VIENNA.- In the
Secession’s Galerie space, American artist Michael Ashkin is showing a video work and a series of sculptures made of recycled cardboard representing proliferating settlements, designs for public squares, and prison architectures. His model-like topographies are characterized by the many ways in which they combine the realism of documentary inventorizing with a formal idiom of subjectivity and internalization. They pursue an approach already present in his early photographs of post-industrial landscapes shown, among others, at DOCUMENTA11 (Kassel, 2002).
At the Secession, in the large-scale work Untitled (where each new sunrise promises only the continuation of yesterday), ... (2009) tailored to fill the Galerie space, Ashkin explores the logic of urban spatial organization between social ideals, structural necessities, and uncontrollable contingencies. The sculptural installation consists of a sprawling, seemingly random accumulation of simple houses, huts, and sheds.

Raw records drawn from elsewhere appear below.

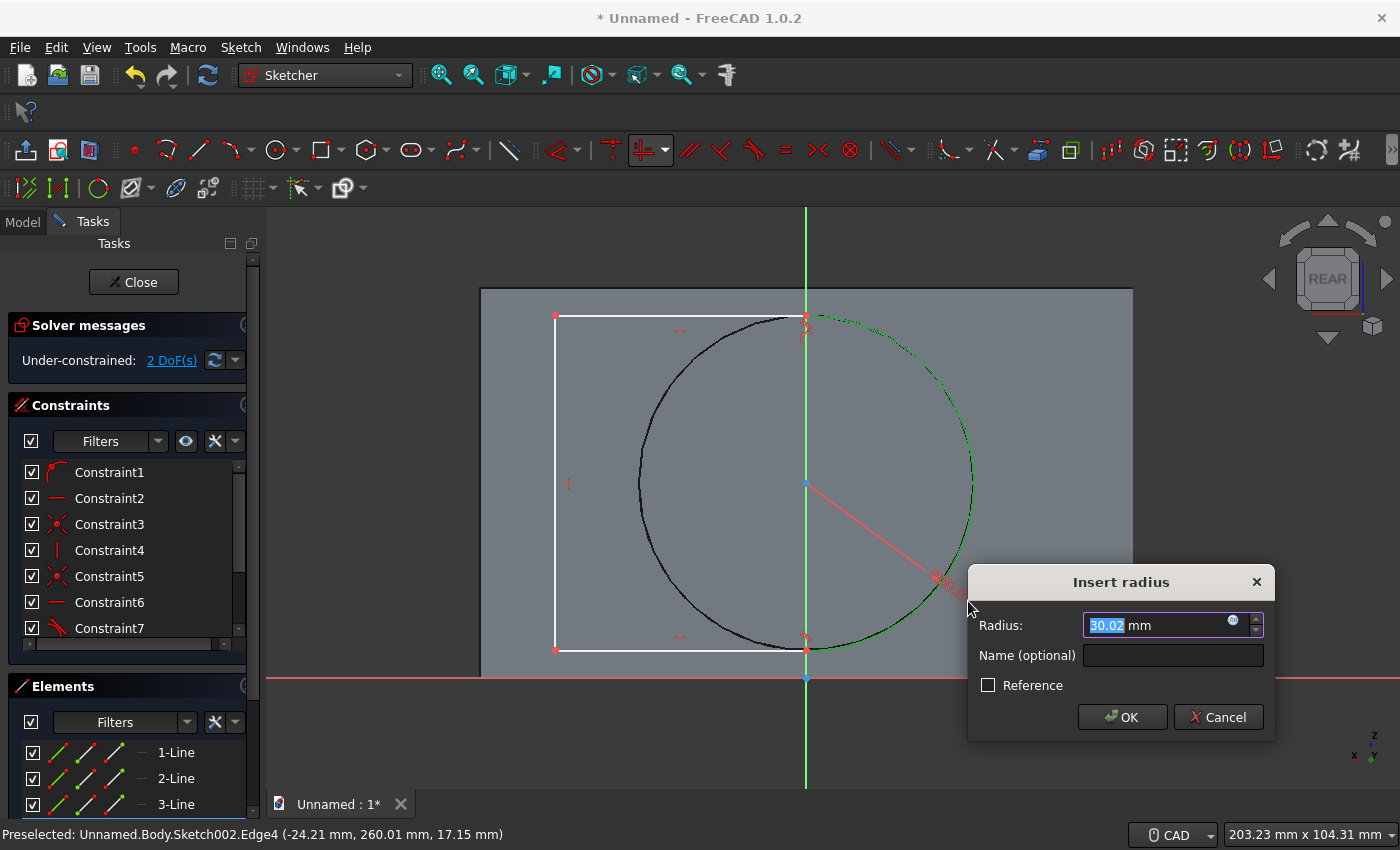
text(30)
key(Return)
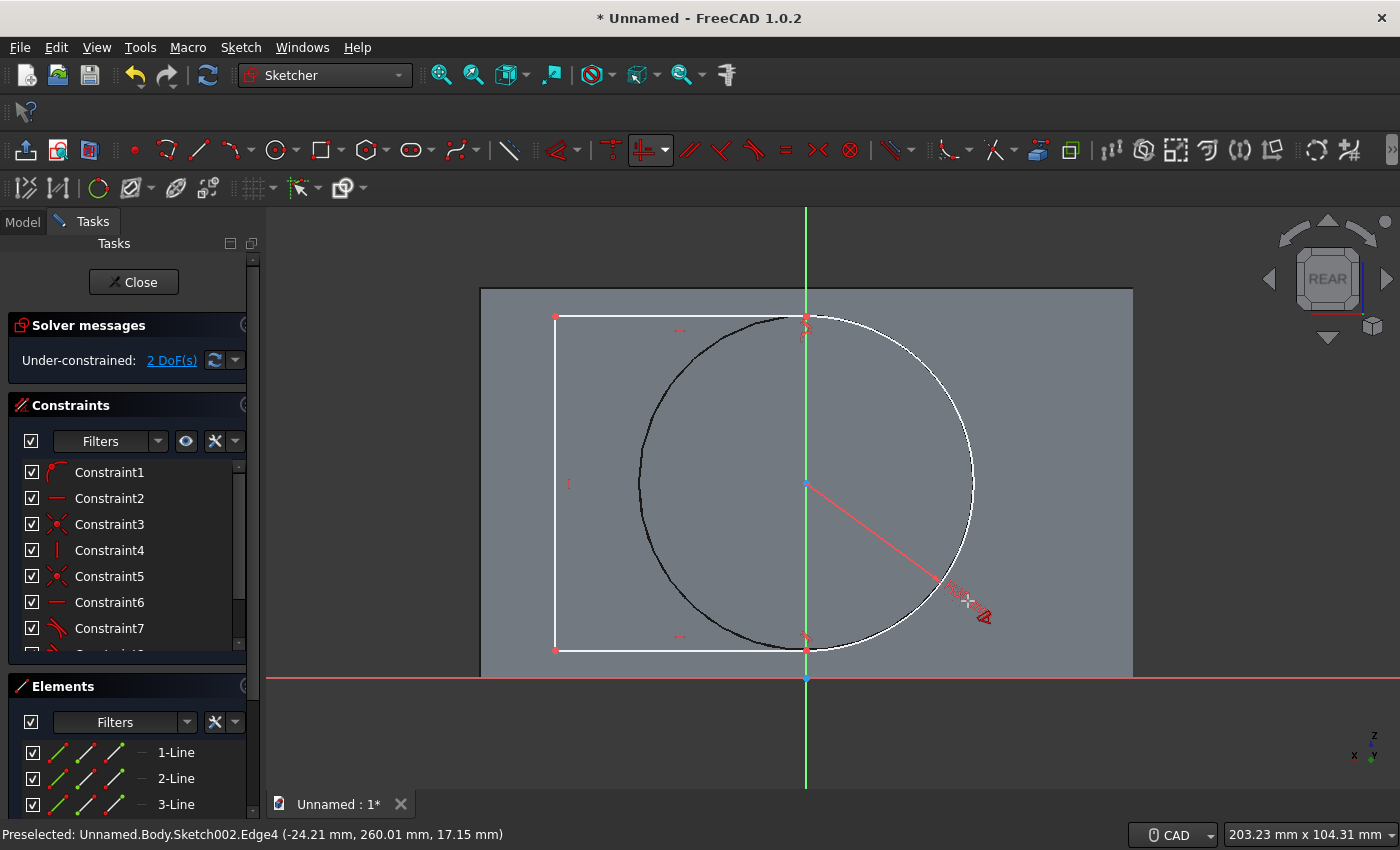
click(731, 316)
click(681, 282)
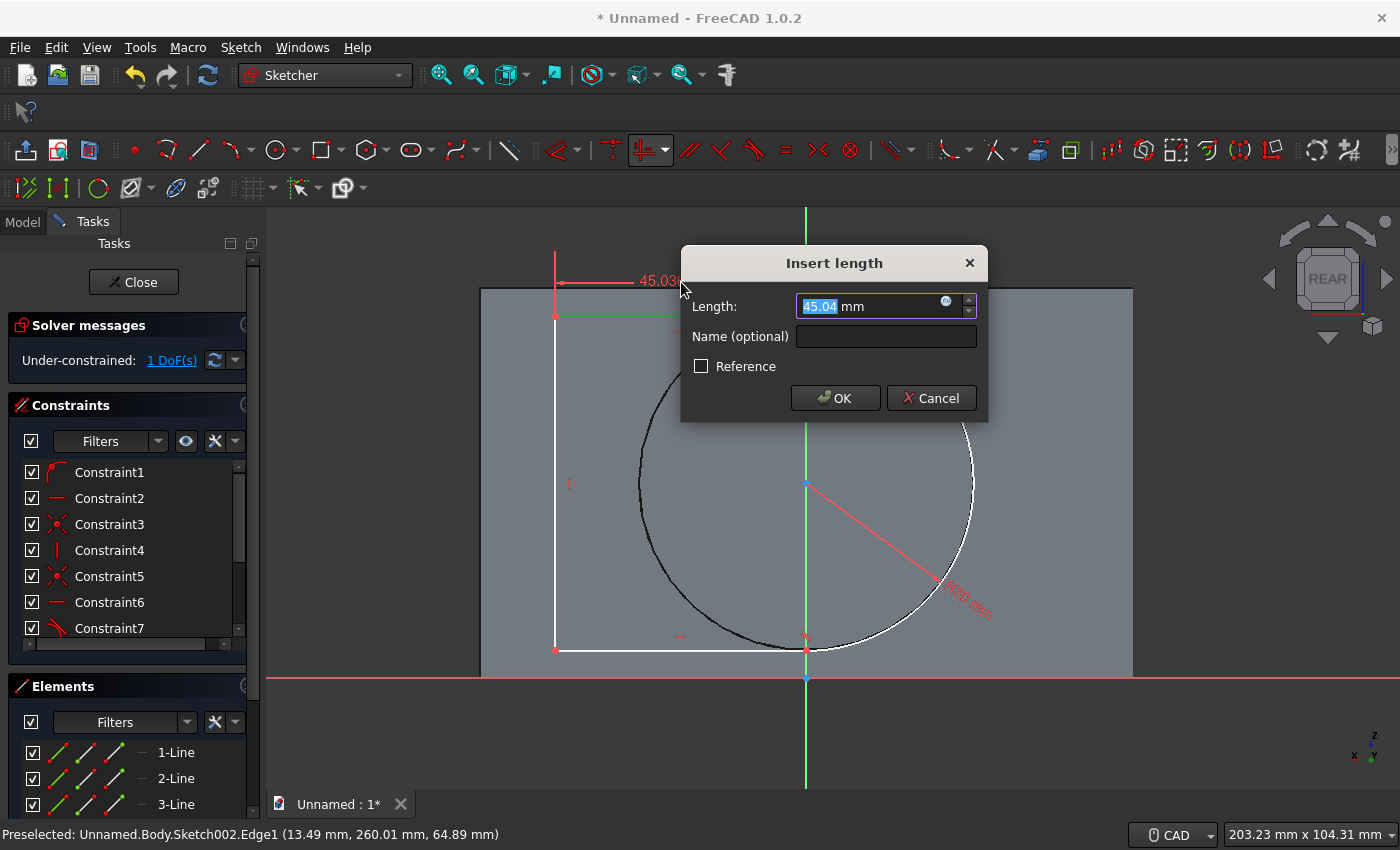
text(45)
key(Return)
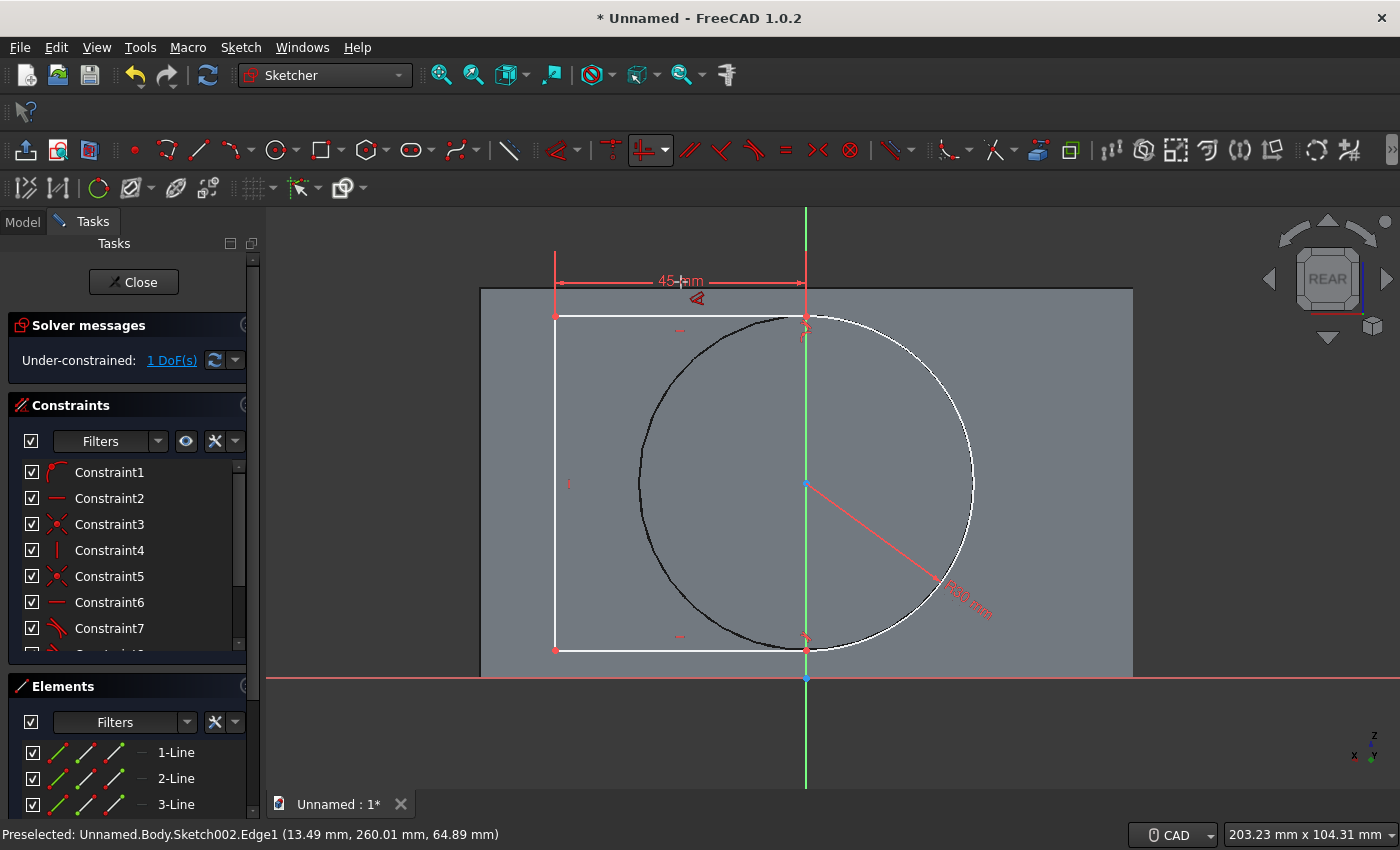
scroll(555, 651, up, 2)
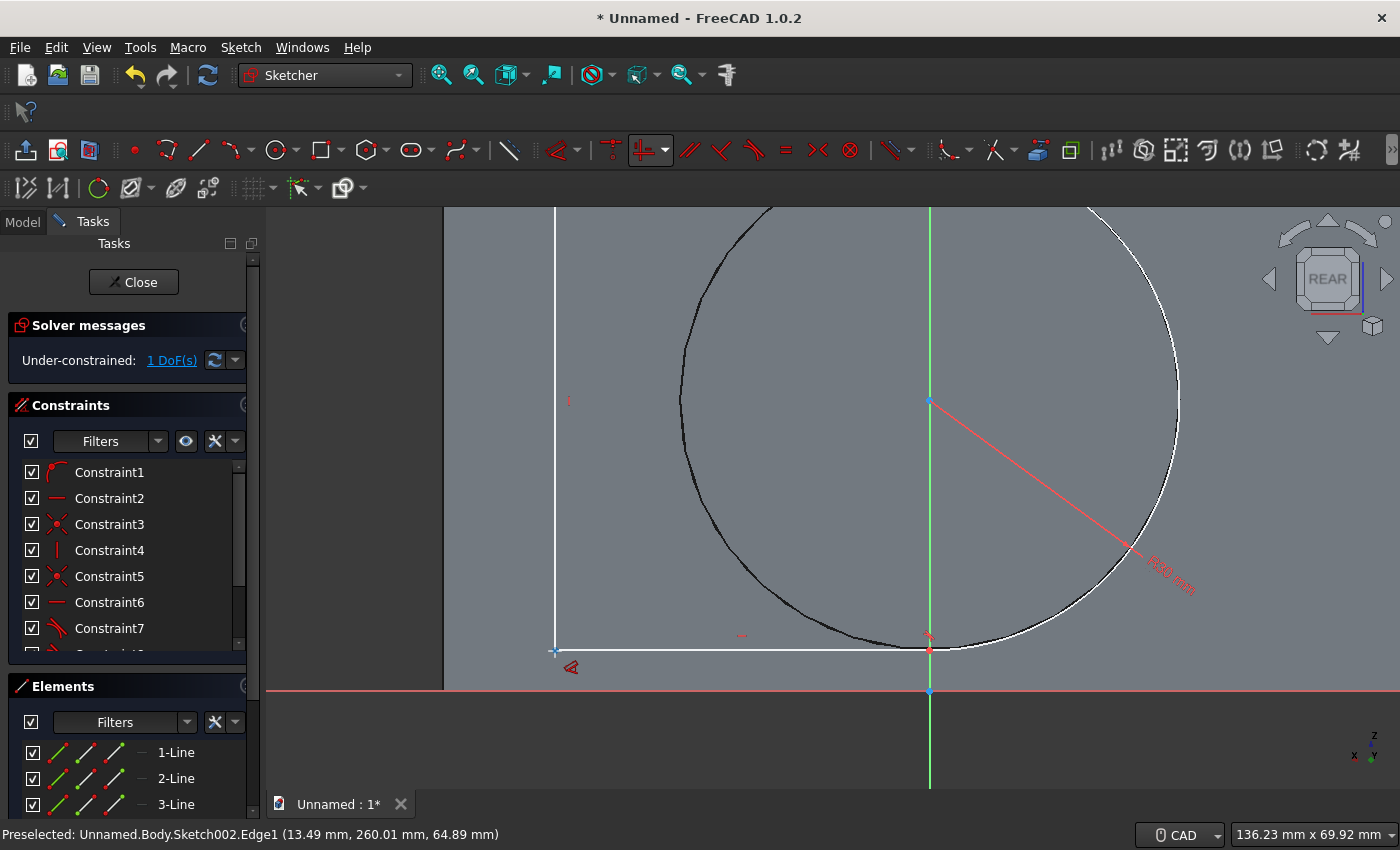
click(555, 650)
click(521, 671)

Rather than revealing a sense of town planning, the way the detailed architectural miniatures are arranged looks unintentional, temporary, and characterized by an absence of community. As such, it refers to the explosive expansion of urban spaces and to the related dynamics of appropriating terrain and participatory architecture.
Like Ashkin’s other sculptures, "Untitled" (where each new sunrise promises only the continuation of yesterday), ... is based on abstractions from aerial photos and finished buildings, possessing no specific identity in space-time. The distancing from reality inherent in any model is amplified by the monochrome material and the predefined perspectives of the plan and elevation views. The viewer’s gaze is lost in the remoteness of the horizon.
This presentation of the sculpture as a site for thinking about space has a counterpart in the video work 'Here' (2009). In terms both concrete and metaphorical, it deals with the desert as a habitat, a threat, but also as a spiritual experience. By creating an interplay between the poetic, rhythmic text spoken by a voice-off and the visual representation of an empty interior, it becomes a space for projections in a double sense.
Michael Ashkin (*1955 in Morristown/New Jersey) lives and works in Ithaca/New York.